Bu bir tsunami gibi, Türkiye'de bulut kullanan şirket sayısı 1 yılda 2 kat arttı

“Teknolojinin paradigması bu. Sizi korkutur ve korkmamak için teknolojiyi bilmek zorundasınız. Akıllı cep telefonu olan herkes zaten bulut teknolojisini kullanıyor. Bulut teknolojisi kullanan müşterilerimiz Türkiye’de geçen yıl iki kattan fazla arttı. Bu bir tsunami gibi, kaçamazsınız. Birçok insan bulut’un bir altyapı almak anlamına geldiğini sanıyor, halbuki bulut’un kendisi bir altyapı. Bulut sizi çok daha esnek yapar. Eskiden bilgisayarlar almak zorundaydınız, onları çalıştıracak IT personeli istihdam etmeliydiniz. Aldıklarınız işinize yaramazsa onlardan kurtulamıyordunuz da, çünkü çok fazla para ödemiş oluyordunuz. Bulut teknolojisinde ise bir çözüm seçiyorsunuz, işinize yaramadı mı, değiştirin. Çok fazla harcamadan çok büyük bir esneklik elde ediyorsunuz. Her şeyi dizayn edip, inşa etme ve yönetme için yeterli vaktiniz yok artık. Bulut’tan korkuyorsanız bunu anlayamadınız demektir. Bulut sizin daha hızlı değişmenize imkan verir. İşinizi kolaylaştırır. Şirketler için bulut baştan sona güvenilirdir. Lufthansa, İkea, Citibank için bulut güvenliyse Bursa ve Gaziantep’teki şirketler için de güvenlidir. Kimse sizin verilerinize ulaşamaz ama siz onları istediğiniz gibi yönetebilirsiniz. Orta ölçekli şirketler de buluta geçecek, er ya da geç, mecburlar...”
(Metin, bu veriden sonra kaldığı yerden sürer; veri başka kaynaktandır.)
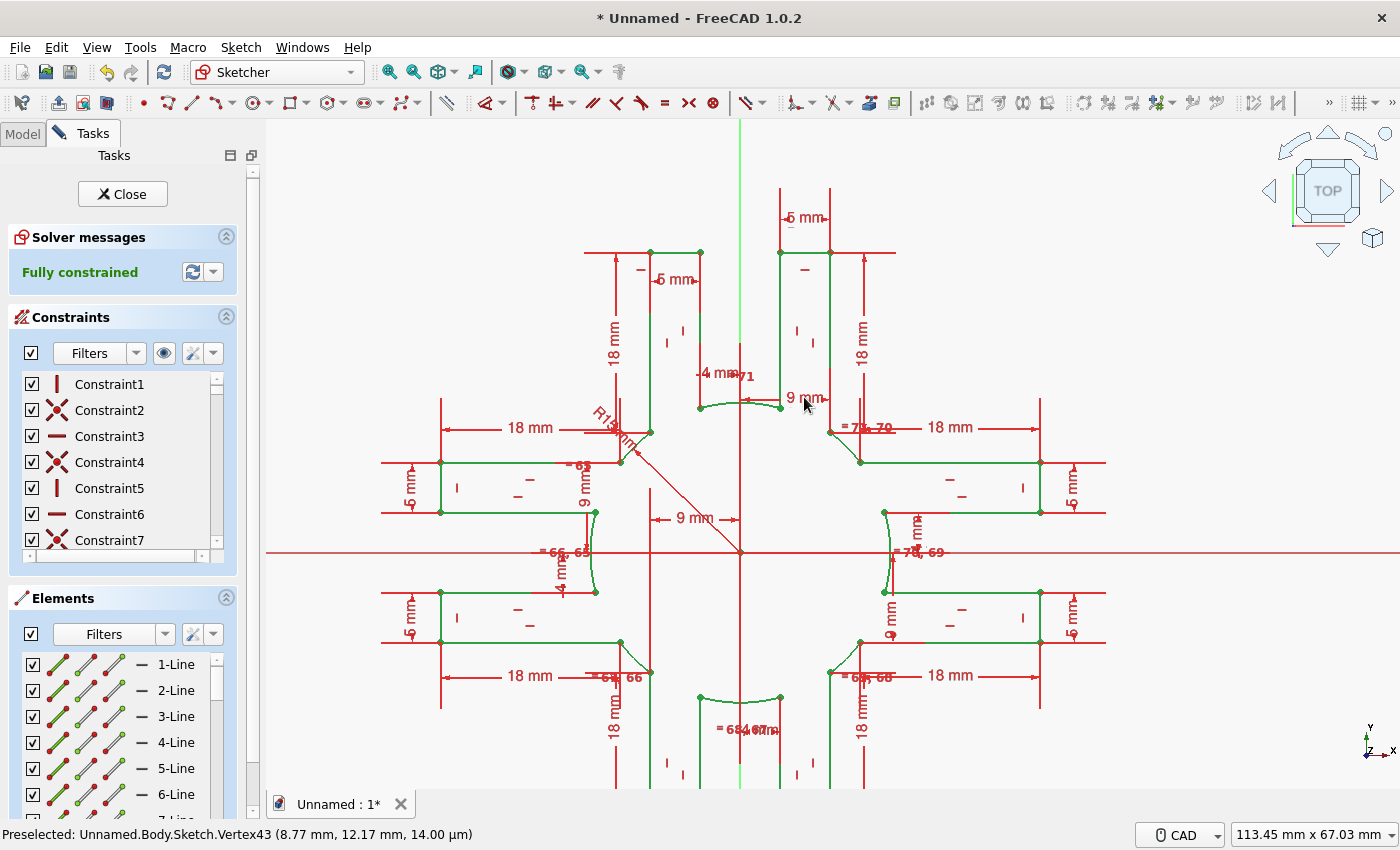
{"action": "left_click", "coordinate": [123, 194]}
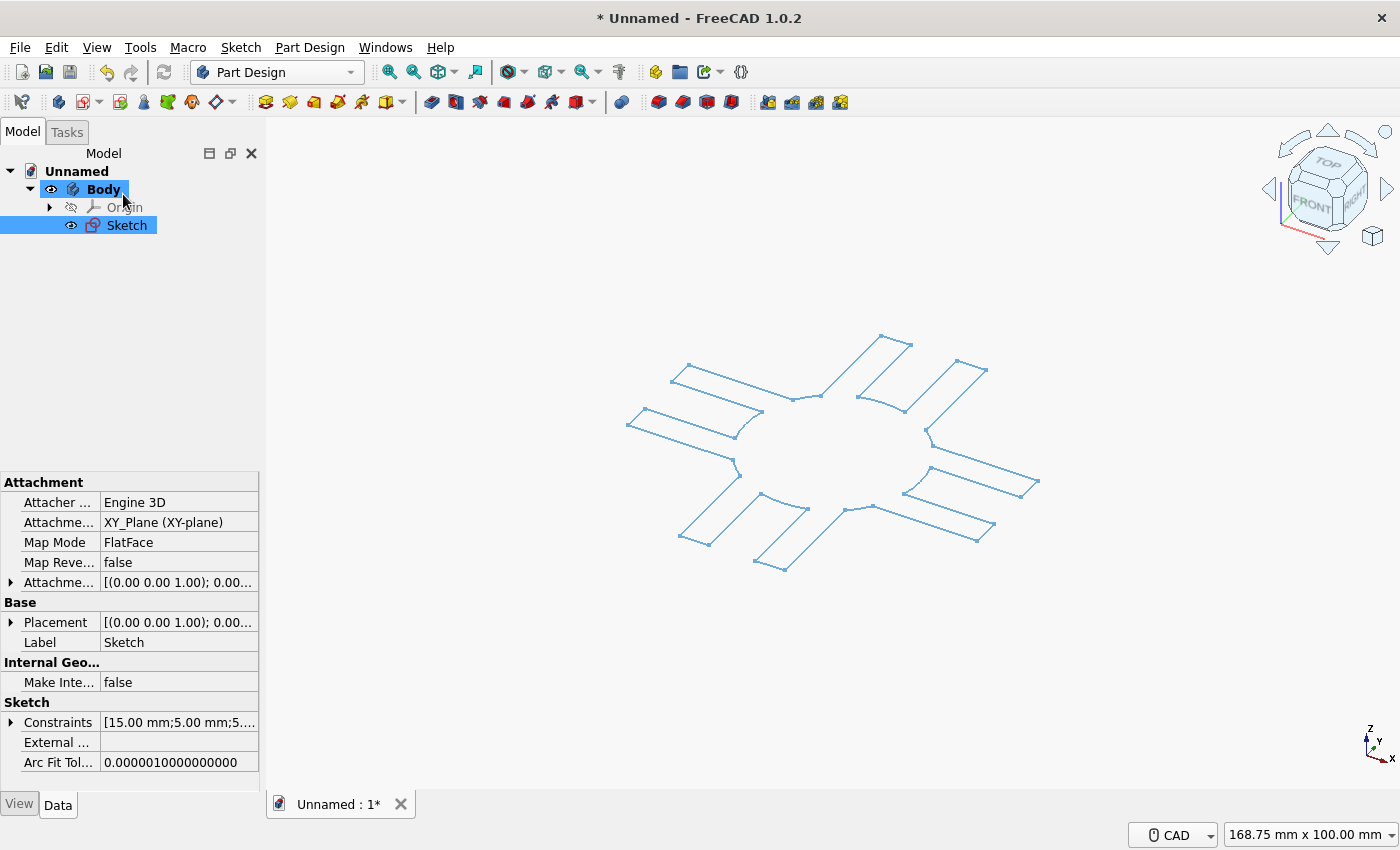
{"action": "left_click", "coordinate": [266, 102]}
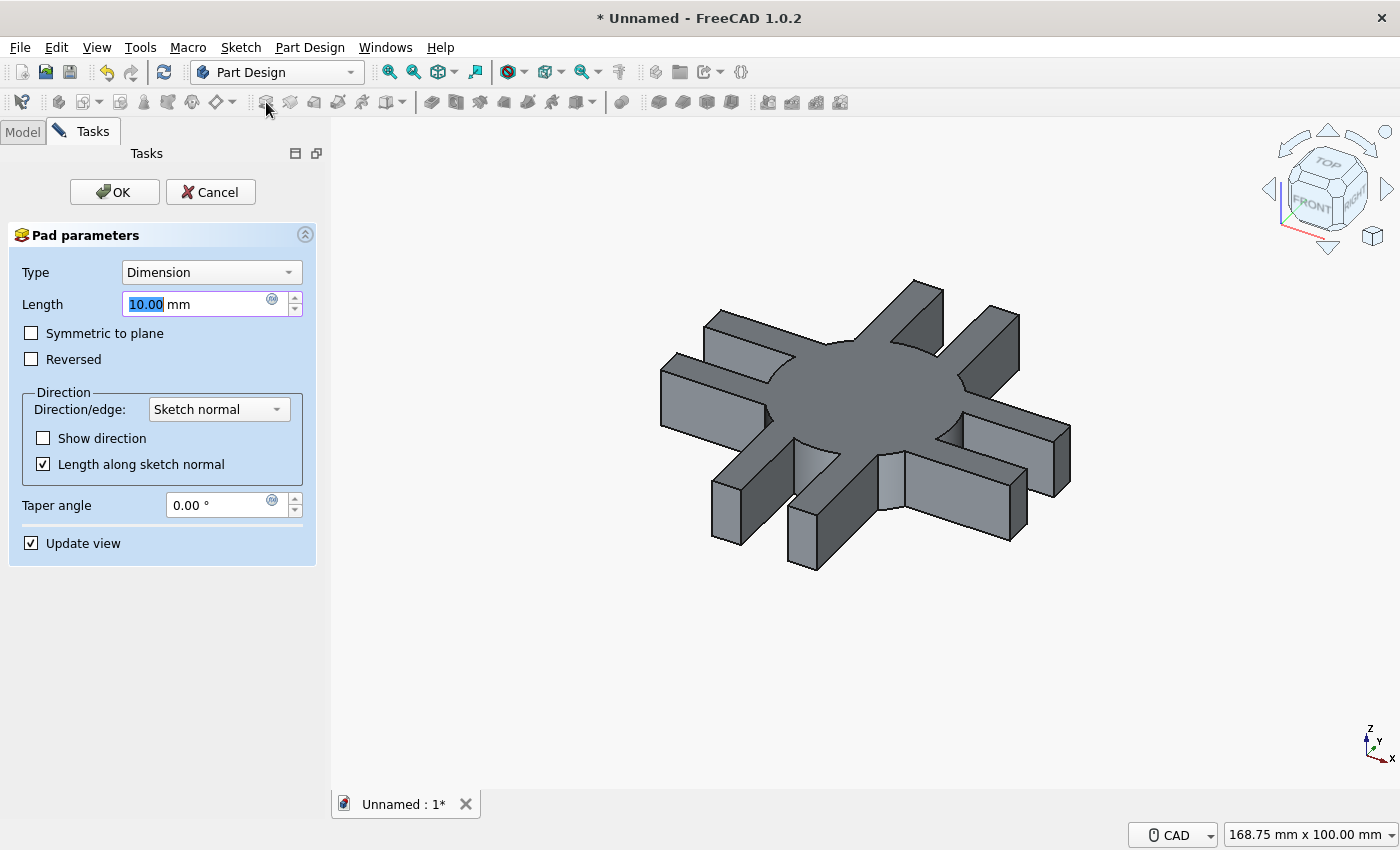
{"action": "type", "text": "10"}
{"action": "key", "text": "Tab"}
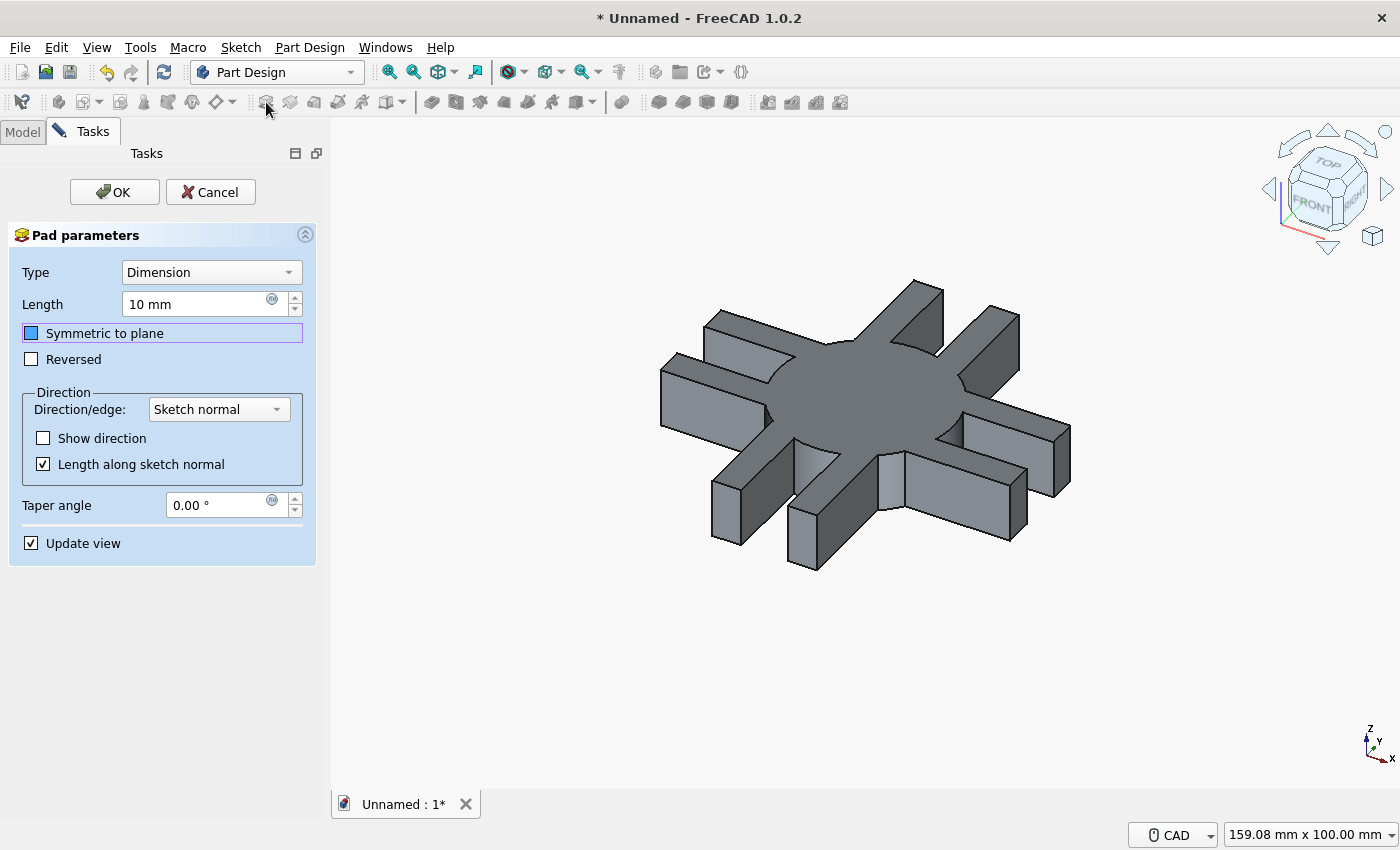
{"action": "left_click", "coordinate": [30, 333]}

Hükumet ulusal teknoloji ajandası üzerinde çalışıyor

IBM Türkiye Genel Müdürü’ne “Türkiye’nin teknolojik devrimi ıskalamaması için yapması gerekenler ne?” diye soruyoruz. Yanıtlıyor: “Öncelikle IT konusunda bir ulusal ajandaya ihtiyaç var. Bu ajandanın oluşturulması için hükümetle birlikte çalışıyoruz. Üniversitelerin yeni teknolojiler konusunda ders programlarını yenilemesi gerekiyor. Bu konuda Sabancı Üniversitesi gibi bir dizi üniversite ile birlikte çalışıyoruz. Hükümet, üniversiteler ve şirketler. Bu üç ayak birlikte çalışırsa bir ekosistem oluşur ve yeni teknolojiler bu topraklardan çıkabilir.”

"Dur şimdi yola çıkma, trafik var"

“Verileri işleyip analiz yapan aplikasyonların dünyasına girdik. Örneğin her birimizin akıllı telefonu var artık. Trafik bilgilerini toplayıp, ‘Dur, şimdi yola çıkma, yarım saat sonra trafik açılacak’ diyecek bir yazılım, ya da ‘Şu sokakta boş park yeri var’ diyen bir aplikasyon... Proaktif yazılımlar çağına girdik. Türkiye’de yazılım sektörü hızla gelişiyor ama yeterli noktada değil. iPad oyun oynamak ya da sohbet etmek için değil, iş hayatını kolaylaştırmak için üretilmiş bir ürün. Buna uygun aplikasyonların geliştirilmesi gerek. Potansiyelini tam olarak kullanmıyoruz.”